LLM-empowered Chatbots for Psychiatrist and Patient Simulation: Application and Evaluation
Siyuan Chen, Mengyue Wu, Kenny Q. Zhu, Kunyao Lan, Zhiling Zhang, Lyuchun Cui
TL;DR
This work addresses the lack of validated chatbots for psychiatric outpatient diagnosis by developing LLM-powered doctor and patient simulators using ChatGPT. It adopts a three-phase, human-centered design with iterative prompt engineering and a dual evaluation framework combining human judgments and automatic metrics, validated by real depression patients and psychiatrists. Key contributions include formalizing the task, establishing an evaluation framework tailored to diagnostic conversations, and demonstrating that carefully designed prompts can yield feasible, empathetic, and patient-like interactions in professional domains.
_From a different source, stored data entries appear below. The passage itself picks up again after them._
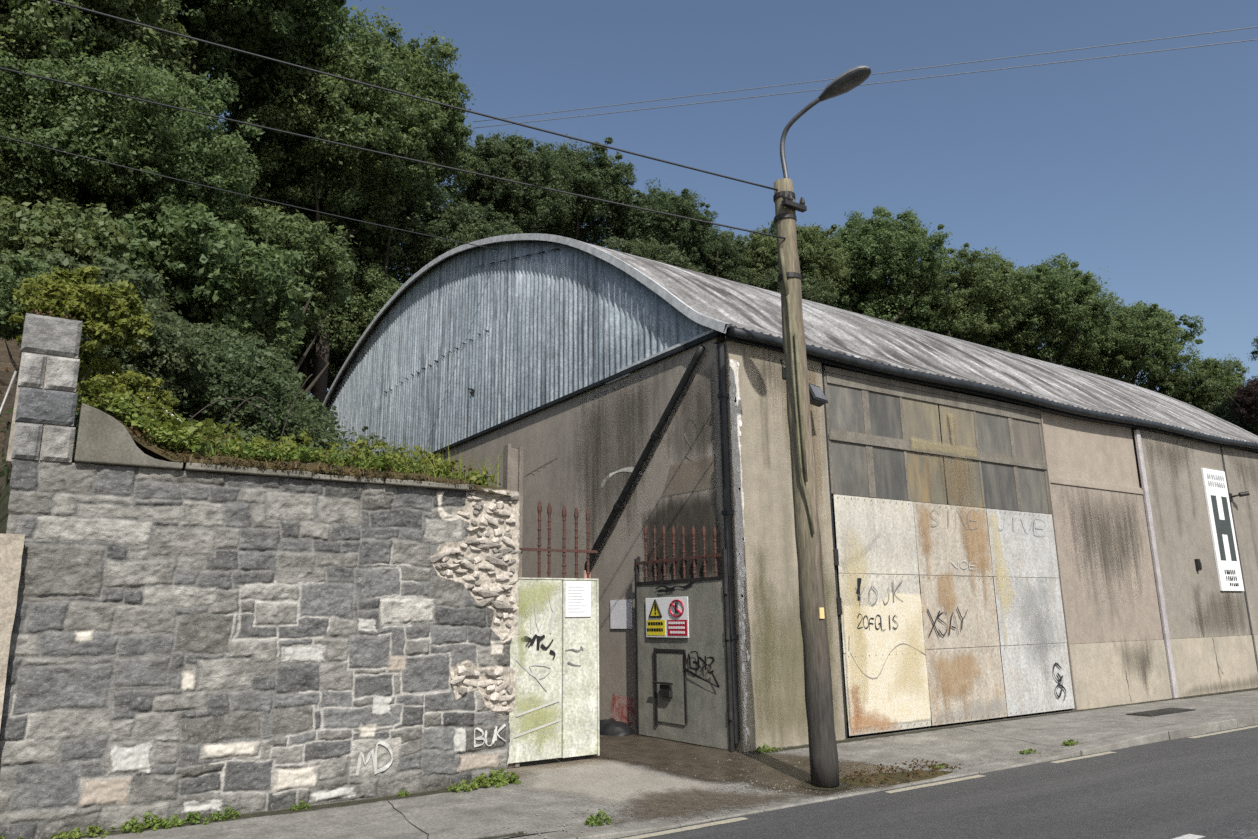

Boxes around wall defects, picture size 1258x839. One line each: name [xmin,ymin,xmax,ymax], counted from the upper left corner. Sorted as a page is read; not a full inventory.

spalling [427,488,521,643]
water stain [647,495,721,581]
corrosion [939,575,956,626]
corrosion [962,510,988,580]
spalling [449,660,517,715]
corrosion [851,689,889,733]

The findings highlight design trade-offs and offer guidance for scalable psychiatric screening tools and medical education applications, while outlining ethical safeguards for data privacy and participant welfare.
Abstract
Empowering chatbots in the field of mental health is receiving increasing amount of attention, while there still lacks exploration in developing and evaluating chatbots in psychiatric outpatient scenarios. In this work, we focus on exploring the potential of ChatGPT in powering chatbots for psychiatrist and patient simulation. We collaborate with psychiatrists to identify objectives and iteratively develop the dialogue system to closely align with real-world scenarios. In the evaluation experiments, we recruit real psychiatrists and patients to engage in diagnostic conversations with the chatbots, collecting their ratings for assessment. Our findings demonstrate the feasibility of using ChatGPT-powered chatbots in psychiatric scenarios and explore the impact of prompt designs on chatbot behavior and user experience.